The object-following tutorial supports the same perception models as the one on the real robot.

Note

Multiple cameras can help reduce occlusion in the scene, and therefore increase the quality and completeness of the 3D reconstruction being used for collision avoidance.
While the object following tutorial with multiple cameras runs scene reconstruction for obstacle-aware planning on all cameras, object detection and pose estimation are only enabled on the camera with the lowest index.
We use rectified image streams from simulation and do not need to perform lens distortion and rectification that would need to be performed on a real robot.
We use perfect ground truth depth from the simulation which drives up accuracy and allows one to focus on the software stack in a perfect albeit unrealistic environment.

Warning

The obstacle avoidance behavior demonstrated in this tutorial is not a safety function and does not comply with any national or international functional safety standards. When testing obstacle avoidance behavior, do not use human limbs or other living entities.

The examples use RViz for visualization. RViz is the default visualization tool when Isaac Manipulator is running on the same computer that is displaying the visualization. Foxglove is recommended when visualizing a reconstruction streamed from a remote machine. However, that is not officially supported for the sim workflows

Demonstration of Isaac Manipulator pick and place for a robot simulated in Isaac Sim

RViz visualization of Isaac Manipulator pick and place for a robot simulated in Isaac Sim

Requirements

Isaac Sim running on a workstation that has at least 25 GB GPU VRAM and 30 GB CPU RAM. In case of questions, refer to the official Isaac Sim requirement documentation.
And x86 machine.

Tutorial

Set Up Development Environment

Set up your development environment by following the instructions in getting started.

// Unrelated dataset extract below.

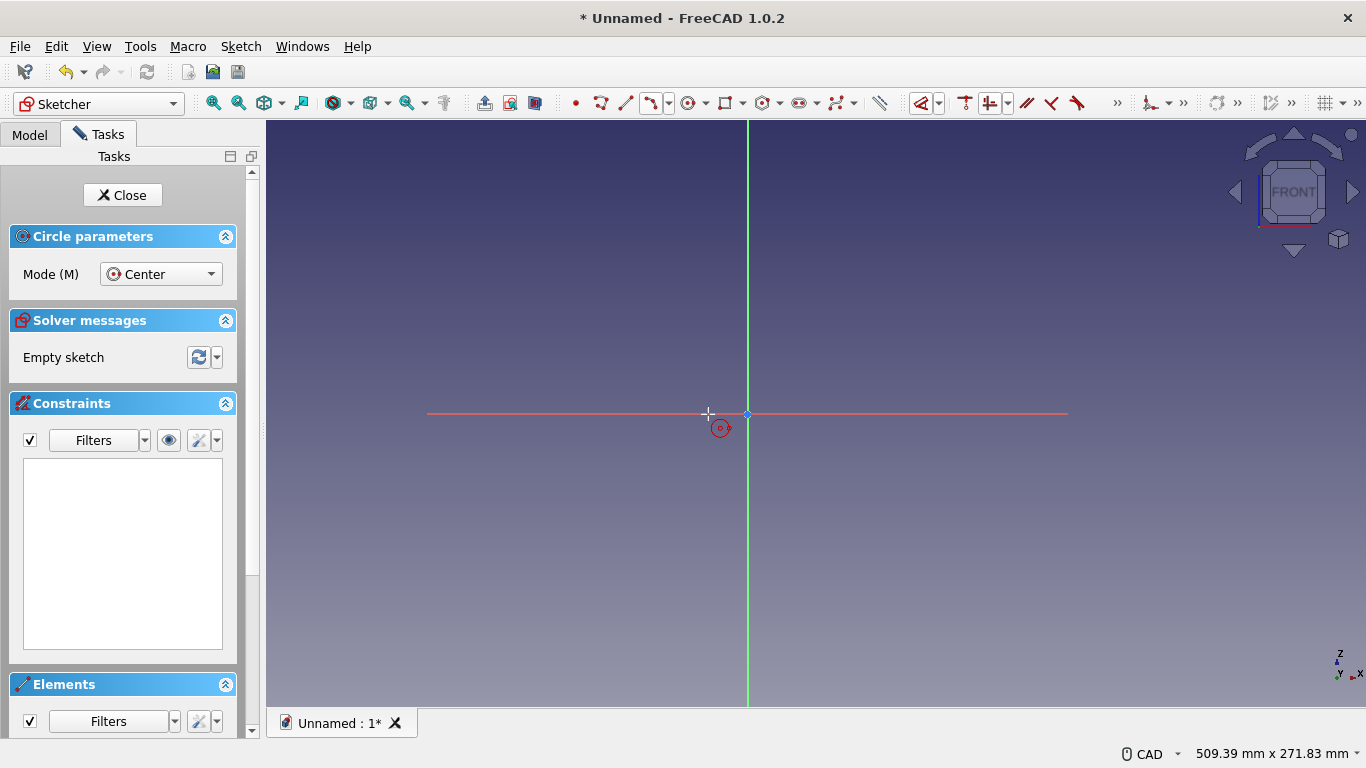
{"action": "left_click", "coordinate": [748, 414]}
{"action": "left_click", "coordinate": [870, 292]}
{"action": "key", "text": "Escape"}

Clone isaac_ros_common under ${ISAAC_ROS_WS}/src.

cd ${ISAAC_ROS_WS}/src && \
  git clone -b release-3.2 https://github.com/NVIDIA-ISAAC-ROS/isaac_ros_common.git isaac_ros_common

Build Isaac ROS cuMotion

Clone isaac_manipulator under ${ISAAC_ROS_WS}/src.

cd ${ISAAC_ROS_WS}/src && \
  git clone --recursive -b release-3.2 https://github.com/NVIDIA-ISAAC-ROS/isaac_manipulator.git isaac_manipulator

Clone the Isaac ROS fork of ros2_robotiq_gripper and tylerjw/serial under ${ISAAC_ROS_WS}/src.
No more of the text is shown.